I wrote a whole article on this a while back, but I’ll briefly recap here. The first thing to do is find little things you can control and fix. Aim up, but aim low. Do not vow to make some massive change. The higher the goal, the farther the fall if you fail to meet it. And since you’ve probably failed already, you know what I’m talking about. What this looks like is instead of saying “I’m going to change from my current crappy diet to all healthy, clean food and exercise 12 times a week” say “I’m going to stop eating (whatever one item you know isn’t good) and replace it with (something that’s better.) I’ll also go for a ten minute walk every morning.” Is that big and impressive? Dear god, no. But doing something small right is more valuable than not doing something big. Focus on that little thing until it becomes a habit, truly a part of your life and way of living. Then find the next little tweak. Repeat this process over and over. Eventually you’ll have taken enough little steps up that you get to the big goal.
But, you’re only human. You will slip up. This brings us to the next strategic bit: what do you do when you falter? Too many times people focus on perfection instead of progress. I struggled with this for a long time. Ironically, it was only when I aimed for good instead of perfect that things got truly better. Say you’ve decided you’re not going to be eating Oreos anymore and you’ve replaced them with beef jerky and fruit. Your record is immaculate, but one day you realize you forgot to get beef jerky and now you’re at work and hungry. You hold out as long as you can, but you ended up cracking and having the Oreos. There are two ways to deal with this. You can either lament the fact that you’re an imperfect being and flog yourself for it or you can accept that you’ve screwed up and ask how you can do better next time. The first one often leads to an Oreo binge because, since the purity has been tainted and the blood is already on your hands, what does is matter how much?

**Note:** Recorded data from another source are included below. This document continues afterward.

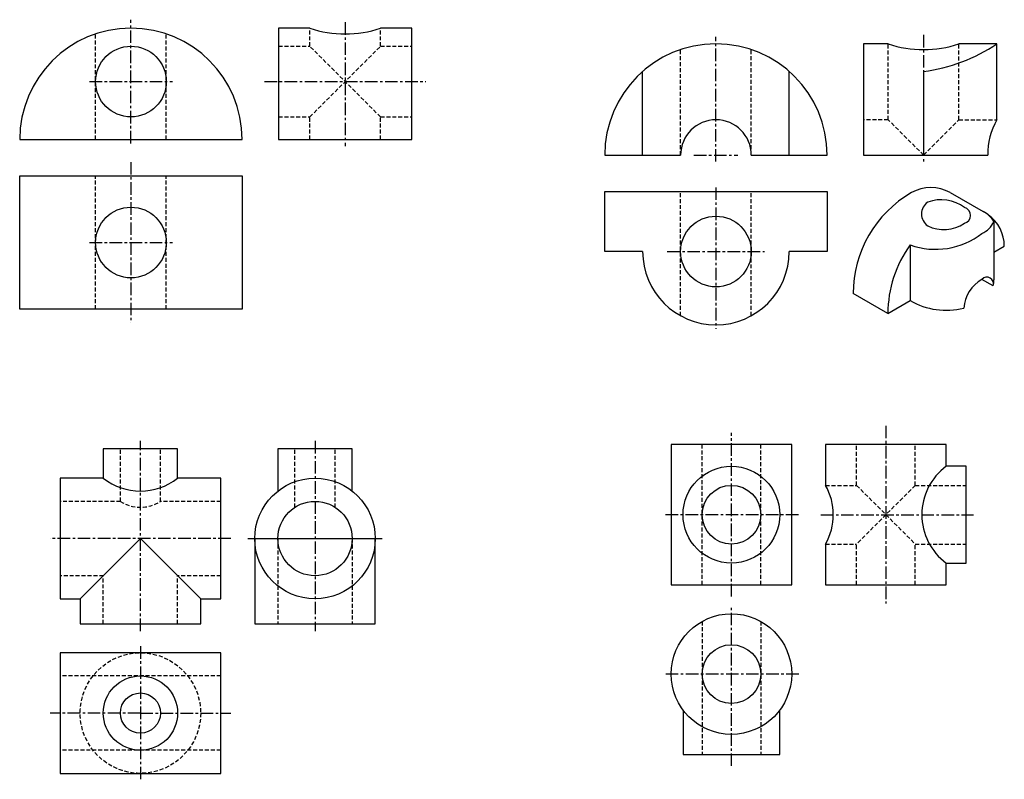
# Model space of a CAD drawing. Header units: millimetres. Extents: x 3297 to 3421, y 3000 to 3096.
import ezdxf

# ---------------------------------------------------------------- set-up
doc = ezdxf.new("R2010")
doc.units = ezdxf.units.MM
doc.linetypes.add('CENTER', pattern=[50.800000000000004, 31.75, -6.35, 6.35, -6.35])
doc.linetypes.add('DASHED', pattern=[0.75, 0.5, -0.25])
for name, color, linetype in [('A', 7, 'Continuous'), ('B', 1, 'CENTER'), ('C', 2, 'DASHED'), ('D', 3, 'Continuous')]:
    doc.layers.add(name, color=color, linetype=linetype)

msp = doc.modelspace()

# ---------------------------------------------------------------- linework, layer by layer
at = {"layer": 'A', "color": 18, "lineweight": 30, "true_color": 0x000000}
for p, q in [((3375.528463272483, 3078.611328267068), (3375.528463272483, 3089.195560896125)), ((3394.062737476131, 3078.611328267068), (3394.062737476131, 3089.195560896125)), ((3296.742381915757, 3080.58814394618), (3324.878181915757, 3080.58814394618)), ((3370.727700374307, 3078.611328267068), (3380.329226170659, 3078.611328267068)), ((3389.263684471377, 3078.611328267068), (3398.863500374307, 3078.611328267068))]:
    msp.add_line(p, q, dxfattribs=at)
at = {"layer": 'A', "color": 18, "true_color": 0x000000}
for p, q in [((3414.432646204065, 3073.86519453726), (3418.585296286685, 3071.46766089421)), ((3419.956524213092, 3070.213391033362), (3419.956524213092, 3062.834871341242)), ((3409.36560083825, 3067.254715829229), (3409.36560083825, 3060.2142974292)), ((3419.956524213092, 3066.328969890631), (3421.267002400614, 3067.085574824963)), ((3419.862169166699, 3062.085118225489), (3418.443535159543, 3062.904166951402)), ((3406.542133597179, 3058.584167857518), (3402.161922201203, 3061.113084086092)), ((3406.542133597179, 3058.584167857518), (3409.365600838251, 3060.214297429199))]:
    msp.add_line(p, q, dxfattribs=at)
at = {"layer": 'A', "color": 5, "lineweight": 30}
for p in [(3304.388966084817, 3022.516015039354), (3319.631627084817, 3022.516015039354)]:
    msp.add_line(p, (3312.010296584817, 3030.137345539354), dxfattribs=at)
at = {"layer": 'A', "color": 18, "lineweight": 30, "true_color": 0x000000}
for points in [[(3296.740672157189, 3075.991554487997), (3324.876472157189, 3075.991554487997), (3324.876472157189, 3059.13211296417), (3296.740672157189, 3059.13211296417)], [(3379.131646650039, 3024.280153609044), (3394.37430765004, 3024.280153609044), (3394.37430765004, 3042.022504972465), (3379.131646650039, 3042.022504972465)], [(3301.848522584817, 3000.449869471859), (3322.172070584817, 3000.449869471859), (3322.172070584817, 3015.692530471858), (3301.848522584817, 3015.692530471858)]]:
    msp.add_lwpolyline(points, close=True, dxfattribs=at)
for points in [[(3375.528463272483, 3066.422434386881), (3370.727700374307, 3066.422434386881), (3370.727700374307, 3074.014738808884), (3398.863500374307, 3074.014738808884), (3398.863500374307, 3066.422434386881), (3394.062737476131, 3066.422434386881)], [(3316.706347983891, 3037.758676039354), (3316.706347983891, 3041.460464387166), (3307.314245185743, 3041.460464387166), (3307.314245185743, 3037.758676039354)], [(3338.788427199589, 3036.139993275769), (3338.788427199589, 3036.139993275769), (3338.788427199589, 3041.460464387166), (3329.396324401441, 3041.460464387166), (3329.396324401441, 3036.139993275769)], [(3413.915943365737, 3039.267650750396), (3413.915943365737, 3042.022504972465), (3398.673282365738, 3042.022504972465), (3398.673282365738, 3036.861241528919)], [(3413.915943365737, 3027.035007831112), (3416.456386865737, 3027.035007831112), (3416.456386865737, 3039.267650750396), (3413.915943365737, 3039.267650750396)], [(3307.314245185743, 3037.758676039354), (3301.848522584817, 3037.758676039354), (3301.848522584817, 3022.516015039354), (3304.388966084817, 3022.516015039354)], [(3319.631627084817, 3022.516015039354), (3322.172070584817, 3022.516015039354), (3322.172070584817, 3037.758676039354), (3316.706347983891, 3037.758676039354)], [(3326.471045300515, 3030.137345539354), (3326.471045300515, 3019.346217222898), (3341.713706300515, 3019.346217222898), (3341.713706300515, 3030.137345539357)], [(3398.673282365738, 3029.441417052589), (3398.673282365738, 3024.280153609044), (3413.915943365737, 3024.280153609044), (3413.915943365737, 3027.035007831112)], [(3304.388966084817, 3022.516015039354), (3304.388966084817, 3019.346217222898), (3319.631627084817, 3019.346217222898), (3319.631627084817, 3022.516015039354)], [(3380.636655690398, 3008.458127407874), (3380.636655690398, 3002.843362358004), (3392.869298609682, 3002.843362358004), (3392.869298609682, 3008.458127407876)]]:
    msp.add_lwpolyline(points, dxfattribs=at)
for centre, radius in [((3310.811991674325, 3087.908838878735), 4.46808396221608), ((3310.810281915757, 3067.561833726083), 4.46808396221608), ((3386.752977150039, 3033.151329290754), 6.116321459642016), ((3334.092375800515, 3030.137345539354), 7.6213305), ((3386.752977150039, 3033.151329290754), 3.709912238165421), ((3386.752977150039, 3013.005136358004), 7.6213305), ((3386.752977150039, 3013.005136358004), 3.709912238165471), ((3312.010296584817, 3008.071199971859), 4.696051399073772), ((3312.010296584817, 3008.071199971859), 2.540443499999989)]:
    msp.add_circle(centre, radius, dxfattribs=at)
at = {"layer": 'A', "color": 18, "true_color": 0x000000}
for centre, radius in [((3384.795600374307, 3066.422434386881), 4.46808396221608), ((3334.092375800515, 3030.137345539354), 4.696051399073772)]:
    msp.add_circle(centre, radius, dxfattribs=at)
at = {"layer": 'A', "color": 18, "lineweight": 30, "true_color": 0x000000}
for centre, radius, start, end in [((3310.810281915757, 3080.58814394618), 14.0679, 0, 180), ((3384.795600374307, 3078.611328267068), 14.0679, 0, 180), ((3384.797310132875, 3078.611328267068), 4.46808396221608, 0, 180), ((3384.795600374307, 3066.422434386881), 9.267137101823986, 180, 0)]:
    msp.add_arc(centre, radius, start, end, dxfattribs=at)
at = {"layer": 'A', "color": 18, "true_color": 0x000000}
for centre, radius, start, end in [((3416.886791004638, 3061.113084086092), 14.72486880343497, 119.9999999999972, 180), ((3411.978501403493, 3069.614491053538), 4.908289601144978, 60.00000000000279, 119.9999999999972), ((3412.646425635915, 3071.175439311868), 1.848012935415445, 125.4317233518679, 234.5682766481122), ((3413.245989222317, 3067.883022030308), 5.080806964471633, 53.97698732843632, 109.2001028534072), ((3415.978103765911, 3070.991812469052), 1.032692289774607, 284.3507113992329, 75.64928860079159), ((3417.291775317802, 3068.676840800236), 3.076015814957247, 29.96865304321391, 65.1326851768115), ((3416.358712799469, 3067.085574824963), 4.908289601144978, 0, 54.36345349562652), ((3413.627166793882, 3073.84821684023), 4.655253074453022, 243.8442613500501, 304.0551266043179), ((3417.282172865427, 3071.401999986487), 2.926592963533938, 293.3802068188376, 336.0373615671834), ((3412.568368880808, 3076.287758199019), 9.584027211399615, 250.4774587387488, 307.8079325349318), ((3421.267002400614, 3058.584167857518), 14.72486880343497, 143.9254765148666, 180), ((3420.773030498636, 3058.869362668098), 4.658990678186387, 119.9999999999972, 174.9985160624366), ((3419.069052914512, 3062.349498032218), 0.8360203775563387, 341.5645490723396, 138.4354509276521), ((3416.930546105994, 3062.834871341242), 3.025978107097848, 345.6542811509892, 0), ((3413.904567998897, 3068.076019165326), 9.077934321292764, 240.0000000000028, 284.2021280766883)]:
    msp.add_arc(centre, radius, start, end, dxfattribs=at)
at = {"layer": 'A', "color": 5, "lineweight": 30}
for centre, radius, start, end in [((3418.462952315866, 3033.151329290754), 7.621330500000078, 126.6279305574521, 233.3720694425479), ((3312.010296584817, 3043.761323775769), 7.621330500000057, 231.9628616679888, 308.0371383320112), ((3392.015863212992, 3033.151329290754), 7.621330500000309, 330.8708324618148, 29.12916753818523)]:
    msp.add_arc(centre, radius, start, end, dxfattribs=at)
at = {"layer": 'B', "color": 18, "linetype": 'CENTER', "ltscale": 0.05, "true_color": 0x000000}
for p, q in [((3310.811991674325, 3080.086126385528), (3310.811991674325, 3095.731551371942)), ((3337.906201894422, 3095.407125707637), (3337.906201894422, 3079.761700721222)), ((3384.795600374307, 3077.78488504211), (3384.795600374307, 3093.556949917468)), ((3305.567082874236, 3087.908838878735), (3316.056900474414, 3087.908838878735)), ((3327.709277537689, 3087.908838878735), (3348.103126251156, 3087.908838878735)), ((3382.012482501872, 3078.611328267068), (3387.578718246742, 3078.611328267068)), ((3310.810281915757, 3077.732099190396), (3310.810281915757, 3057.391568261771)), ((3384.795600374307, 3074.528970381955), (3384.795600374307, 3056.641065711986)), ((3305.565373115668, 3067.561833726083), (3316.055190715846, 3067.561833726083)), ((3378.648487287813, 3066.422434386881), (3390.942713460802, 3066.422434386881)), ((3386.752977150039, 3022.821123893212), (3386.752977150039, 3043.481534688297)), ((3406.294612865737, 3044.394924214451), (3406.294612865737, 3021.907734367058)), ((3312.010296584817, 3018.439119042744), (3312.010296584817, 3042.474107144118)), ((3334.092375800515, 3042.474107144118), (3334.092375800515, 3018.439119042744)), ((3395.240015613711, 3033.151329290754), (3378.265938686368, 3033.151329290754)), ((3398.078891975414, 3033.151329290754), (3417.372573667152, 3033.151329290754)), ((3323.444473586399, 3030.137345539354), (3300.576119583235, 3030.137345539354)), ((3386.752977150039, 3001.39051855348), (3386.752977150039, 3021.56073534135)), ((3312.010296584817, 3016.518488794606), (3312.010296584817, 2999.698926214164)), ((3395.277012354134, 3013.005136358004), (3378.228941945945, 3013.005136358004)), ((3312.010296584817, 3008.071199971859), (3300.576119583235, 3008.071199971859)), ((3312.010296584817, 3008.071199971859), (3323.444473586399, 3008.071199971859))]:
    msp.add_line(p, q, dxfattribs=at)
at = {"layer": 'B', "color": 18, "true_color": 0x000000}
for p, q in [((3411.052394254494, 3078.099922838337), (3411.052394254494, 3077.78488504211)), ((3325.605337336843, 3030.137345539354), (3342.579414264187, 3030.137345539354))]:
    msp.add_line(p, q, dxfattribs=at)
at = {"layer": 'C', "color": 18, "true_color": 0x000000}
for p, q in [((3333.436408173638, 3092.376922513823), (3333.436408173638, 3094.65604394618)), ((3342.37257609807, 3092.376922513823), (3342.37257609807, 3094.65604394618)), ((3306.342198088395, 3080.58814394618), (3306.342198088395, 3093.92763559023)), ((3315.278366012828, 3080.58814394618), (3315.278366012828, 3093.927635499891)), ((3329.47477137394, 3092.376922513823), (3333.436408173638, 3092.376922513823)), ((3342.37257609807, 3092.376922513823), (3346.334212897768, 3092.376922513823)), ((3406.584310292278, 3083.079411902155), (3406.584310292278, 3092.679228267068)), ((3415.52047821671, 3083.079411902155), (3415.52047821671, 3092.679228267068)), ((3380.327516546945, 3078.611328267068), (3380.327516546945, 3091.950819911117)), ((3389.263684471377, 3078.611328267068), (3389.263684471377, 3091.950819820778)), ((3329.47477137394, 3083.440755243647), (3333.436408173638, 3083.440755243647)), ((3333.436408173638, 3080.58814394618), (3333.436408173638, 3083.440755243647)), ((3342.37257609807, 3080.58814394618), (3342.37257609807, 3083.440755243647)), ((3342.37257609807, 3083.440755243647), (3346.334212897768, 3083.440755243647)), ((3406.584310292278, 3083.079411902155), (3403.46008983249, 3083.079411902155)), ((3415.52047821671, 3083.079411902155), (3420.319531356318, 3083.079411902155)), ((3306.340488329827, 3059.13211296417), (3306.340488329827, 3075.991554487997)), ((3315.27665625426, 3059.13211296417), (3315.27665625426, 3075.991554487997)), ((3380.325806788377, 3058.304505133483), (3380.325806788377, 3074.014738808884)), ((3389.26197471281, 3058.302623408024), (3389.26197471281, 3074.014738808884)), ((3309.469853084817, 3034.833396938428), (3309.469853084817, 3041.460464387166)), ((3314.550740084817, 3034.833396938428), (3314.550740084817, 3041.460464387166)), ((3331.551932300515, 3034.086908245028), (3331.551932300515, 3041.460464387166)), ((3336.632819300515, 3034.086908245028), (3336.632819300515, 3041.460464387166)), ((3383.043064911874, 3024.280153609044), (3383.043064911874, 3042.022504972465)), ((3390.462889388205, 3024.280153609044), (3390.462889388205, 3042.022504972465)), ((3402.584700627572, 3036.861241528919), (3402.584700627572, 3042.022504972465)), ((3410.004525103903, 3036.861241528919), (3410.004525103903, 3042.022504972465)), ((3398.673282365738, 3036.861241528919), (3402.584700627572, 3036.861241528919)), ((3410.004525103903, 3036.861241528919), (3416.456386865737, 3036.861241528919)), ((3309.469853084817, 3034.833396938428), (3301.848522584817, 3034.833396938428)), ((3322.172070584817, 3034.833396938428), (3314.550740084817, 3034.833396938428)), ((3329.396324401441, 3030.137345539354), (3329.396324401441, 3019.346217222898)), ((3338.788427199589, 3030.137345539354), (3338.788427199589, 3019.346217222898)), ((3398.673282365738, 3029.441417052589), (3402.584700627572, 3029.441417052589)), ((3402.584700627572, 3024.280153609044), (3402.584700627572, 3029.441417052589)), ((3410.004525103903, 3029.441417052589), (3416.456386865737, 3029.441417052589)), ((3410.004525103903, 3024.280153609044), (3410.004525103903, 3029.441417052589)), ((3307.314245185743, 3025.44129414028), (3301.848522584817, 3025.44129414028)), ((3307.314245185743, 3019.346217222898), (3307.314245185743, 3025.44129414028)), ((3316.706347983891, 3019.346217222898), (3316.706347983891, 3025.44129414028)), ((3322.172070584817, 3025.44129414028), (3316.706347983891, 3025.44129414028)), ((3383.043064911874, 3019.662555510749), (3383.043064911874, 3002.843362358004)), ((3390.462889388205, 3019.662555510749), (3390.462889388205, 3002.843362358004)), ((3322.172070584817, 3012.767251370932), (3301.848522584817, 3012.767251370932)), ((3322.172070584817, 3003.375148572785), (3301.848522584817, 3003.375148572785))]:
    msp.add_line(p, q, dxfattribs=at)
at = {"layer": 'C', "color": 5}
for p, q in [((3333.436408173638, 3083.440755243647), (3342.37257609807, 3092.376922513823)), ((3342.37257609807, 3083.440755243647), (3333.436408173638, 3092.376922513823)), ((3411.052394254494, 3078.611328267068), (3406.584310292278, 3083.079411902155)), ((3411.052394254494, 3078.611328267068), (3415.52047821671, 3083.079411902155)), ((3410.004525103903, 3036.861241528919), (3402.584700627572, 3029.441417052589)), ((3402.584700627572, 3036.861241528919), (3410.004525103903, 3029.441417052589))]:
    msp.add_line(p, q, dxfattribs=at)
at = {"layer": 'C', "color": 18, "true_color": 0x000000}
msp.add_circle((3312.010296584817, 3008.071199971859), 7.621330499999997, dxfattribs=at)
at = {"layer": 'C', "color": 5}
msp.add_arc((3312.010296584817, 3038.782959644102), 4.696051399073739, 237.2500061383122, 302.7499938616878, dxfattribs=at)
at = {"layer": 'D', "color": 18, "linetype": 'CENTER', "ltscale": 0.05, "true_color": 0x000000}
msp.add_line((3411.052394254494, 3093.802774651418), (3411.052394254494, 3078.611328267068), dxfattribs=at)
at = {"layer": 'D', "color": 18, "lineweight": 30, "true_color": 0x000000}
msp.add_line((3411.052394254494, 3089.195560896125), (3411.052394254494, 3078.611328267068), dxfattribs=at)
for points in [[(3333.436408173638, 3094.65604394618), (3329.47477137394, 3094.65604394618), (3329.47477137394, 3080.58814394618), (3346.334212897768, 3080.58814394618), (3346.334212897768, 3094.65604394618), (3342.37257609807, 3094.65604394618)], [(3406.584310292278, 3092.679228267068), (3403.46008983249, 3092.679228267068), (3403.46008983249, 3078.611328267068), (3419.170323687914, 3078.611328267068)], [(3420.319531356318, 3083.079411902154), (3420.319531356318, 3092.679228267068), (3415.52047821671, 3092.679228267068)]]:
    msp.add_lwpolyline(points, dxfattribs=at)
at = {"layer": 'D', "color": 5, "lineweight": 30}
for centre, radius, start, end in [((3337.904492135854, 3107.995534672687), 14.06789917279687, 251.4816430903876, 288.5183569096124), ((3411.052394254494, 3106.018718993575), 14.06789917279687, 251.4816430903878, 288.5183569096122), ((3408.497363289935, 3110.060270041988), 21.02056780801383, 276.9815136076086, 304.2225984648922), ((3428.097453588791, 3078.697069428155), 8.927541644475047, 150.601629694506, 180.5502838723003)]:
    msp.add_arc(centre, radius, start, end, dxfattribs=at)

doc.saveas('drawing.dxf')

The second leads to moving on and making the future brighter. If you opt for the second one, you’ll look at what happened and come up with a plan to make it less likely in the future. You see that the problem was you ran out of jerky quickly because you didn’t have much on hand. From now on you’ll buy beef jerky in bulk and keep it at work. Sure, the office might start referring to you as the Beef Jerky Squirrel, but at least you won’t be blowing your diet any time soon.
If you’ve been in a cycle of yo-yo diets, maybe these ideas and strategies can help you break it. Having the mindset of “everything has to be perfect or to hell with it” isn’t going to get you far, unless you’re looking to have anxiety around food. And making big, unsustainable changes won’t help either. Yes, doing little things and accepting the fact that you’re a mere mortal instead of some picture of perfect divinity are lame. But if you’re looking to get lasting results, maybe lame is the way to go.